В безусловности действий благодати по отношению к человеку, в безусловно определяющей спасение и погибель воле Божией Кальвин видел отраду для верующего сердца, источник утешения и покоя. Это лишение свободного участия человека в деле спасения и решения своей судьбы представлялось ему необходимым для возбуждения чувства веры.
Что можно сказать по поводу этого учения? То, что учение реформаторов о безусловном предопределении Божием, представляя собой резко выдающуюся особенность реформатства, является на самом деле возмутительным для здравого смысла и нравственного чувства человека-христианина. Учение о предопределении извращает истинное понятие, с одной стороны, о Боге как Существе святом, праведном, всеблагом, а с другой — о человеке как существе нравственно свободном.
Рассмотрим оба эти частные положения.
1. Действительно, если Бог по одной Своей бесконечной воле предопределяет людям разную судьбу и, сообразно с этим Своим предопределением, движет их волей, то только Он, очевидно, является виновником не только добра, но и зла.
Далее, Бог реформаторов, будучи для одних — избранных, предопределенных — источником милости, щедрот, благодати, для других оказывается силой только карательной, губящей, страшной. Последние и на этот свет являются только для того, чтобы вечно страдать только потому, что таково определение воли Божией. Но если так, то не похоже ли реформаторское Божество на древнеязыческую судьбу, фатум или рок, отвратить определение которого, по верованию язычников, ничто не в силах? С другой стороны, этот виновник в людях как добра, так и зла, проявляющий в отношении к другим правду без милости, не напоминает ли собой по меньшей мере Магометова Аллаха, этой копии с восточного деспотизма?

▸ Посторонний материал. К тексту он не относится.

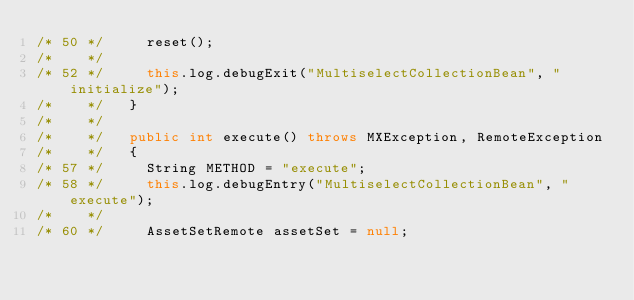<code> <loc_0><loc_0><loc_500><loc_500><_Java_>/* 50 */     reset();
/*    */ 
/* 52 */     this.log.debugExit("MultiselectCollectionBean", "initialize");
/*    */   }
/*    */ 
/*    */   public int execute() throws MXException, RemoteException
/*    */   {
/* 57 */     String METHOD = "execute";
/* 58 */     this.log.debugEntry("MultiselectCollectionBean", "execute");
/*    */ 
/* 60 */     AssetSetRemote assetSet = null;</code> 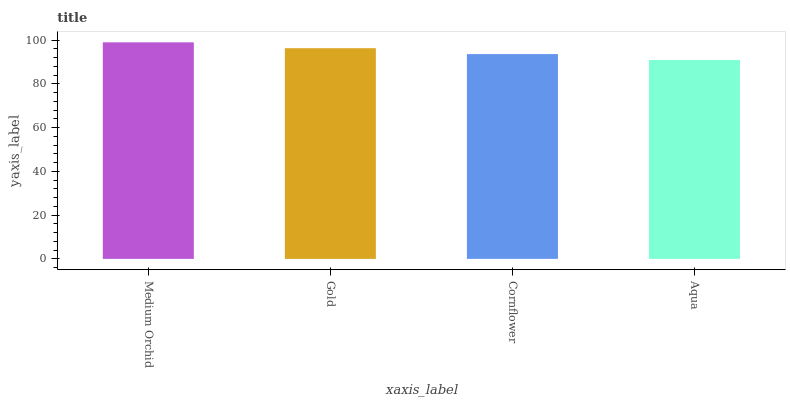Is Aqua the minimum?
Answer yes or no. Yes. Is Medium Orchid the maximum?
Answer yes or no. Yes. Is Gold the minimum?
Answer yes or no. No. Is Gold the maximum?
Answer yes or no. No. Is Medium Orchid greater than Gold?
Answer yes or no. Yes. Is Gold less than Medium Orchid?
Answer yes or no. Yes. Is Gold greater than Medium Orchid?
Answer yes or no. No. Is Medium Orchid less than Gold?
Answer yes or no. No. Is Gold the high median?
Answer yes or no. Yes. Is Cornflower the low median?
Answer yes or no. Yes. Is Cornflower the high median?
Answer yes or no. No. Is Gold the low median?
Answer yes or no. No. 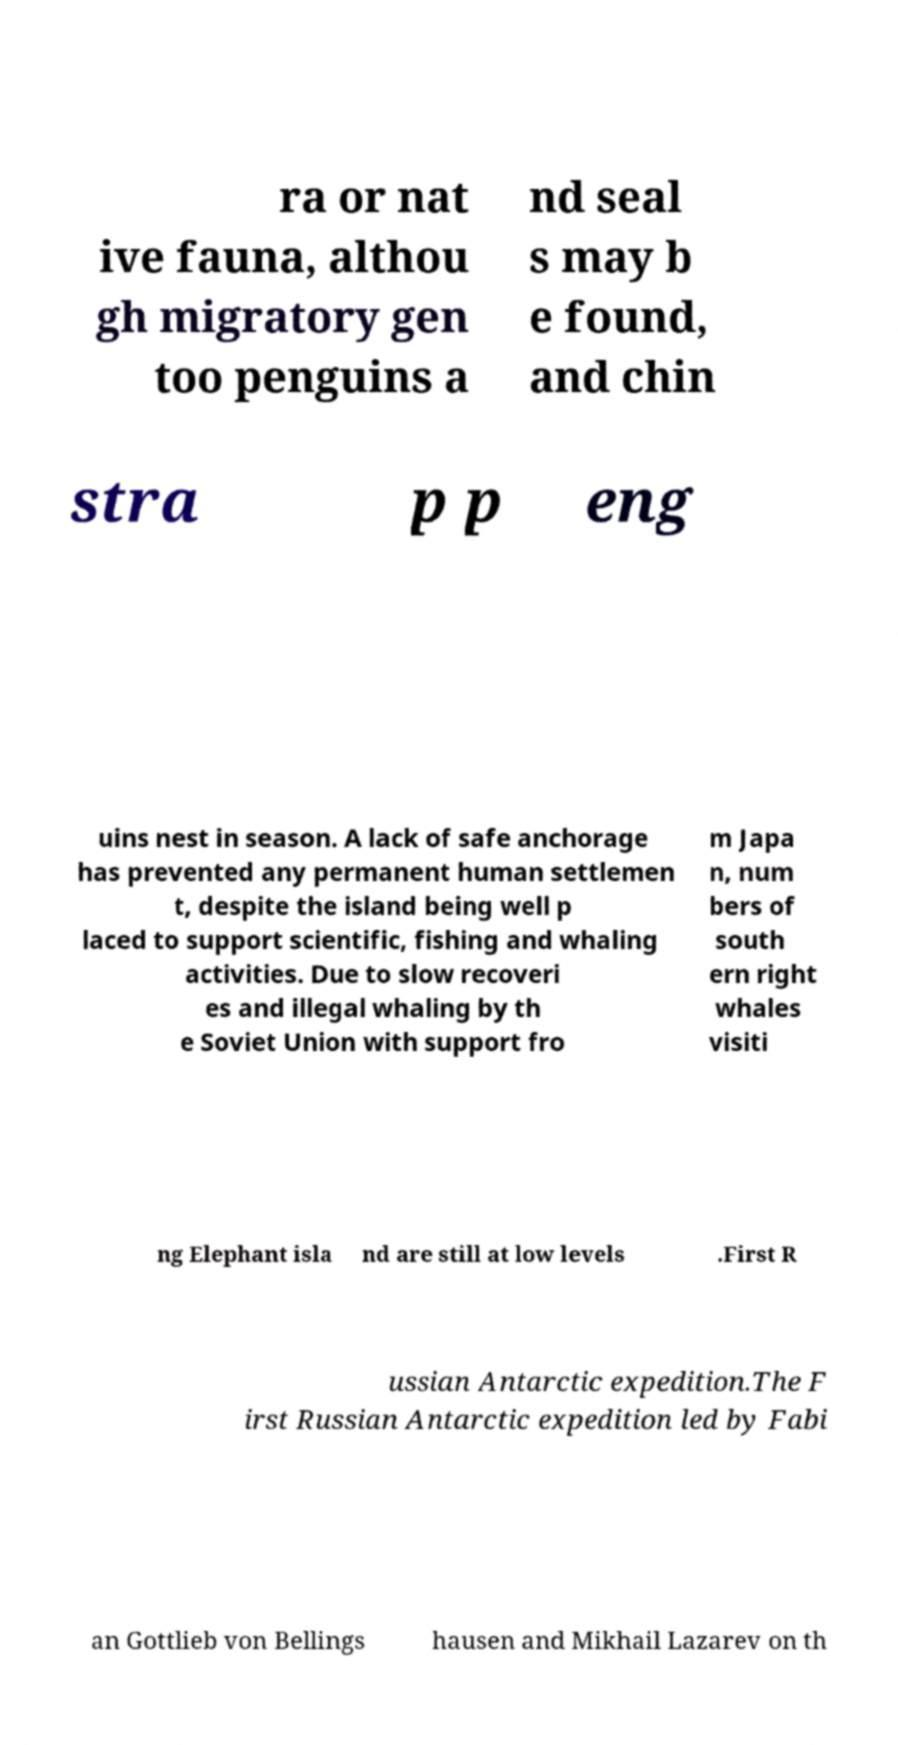There's text embedded in this image that I need extracted. Can you transcribe it verbatim? ra or nat ive fauna, althou gh migratory gen too penguins a nd seal s may b e found, and chin stra p p eng uins nest in season. A lack of safe anchorage has prevented any permanent human settlemen t, despite the island being well p laced to support scientific, fishing and whaling activities. Due to slow recoveri es and illegal whaling by th e Soviet Union with support fro m Japa n, num bers of south ern right whales visiti ng Elephant isla nd are still at low levels .First R ussian Antarctic expedition.The F irst Russian Antarctic expedition led by Fabi an Gottlieb von Bellings hausen and Mikhail Lazarev on th

Итак, дуализм, случайность, каприз, произвол, прихоть — вот мотивы для деятельности у реформатского Бога. Отсюда ясна, во-первых, несостоятельность учения реформатов о предопределении. Из утешительной лютеранской веры в оправдание у Кальвина совершенно неожиданно выросло грозное предопределение. Бог-Каратель, Которого находил и так боялся Лютер в католичестве, снова явился в еще более суровом образе у Кальвина. Правда, грозное Божество Кальвина не требовало тех подвигов самоизнурения, которые представлялись Лютеру невыносимыми в католичестве и которые он считал противными христианскому понятию о Боге: Бог, по Кальвину, милует и спасает без усилий со стороны человека, но милует не всех. Однако такое представление о Боге противоречит самым основным истинам христианской веры.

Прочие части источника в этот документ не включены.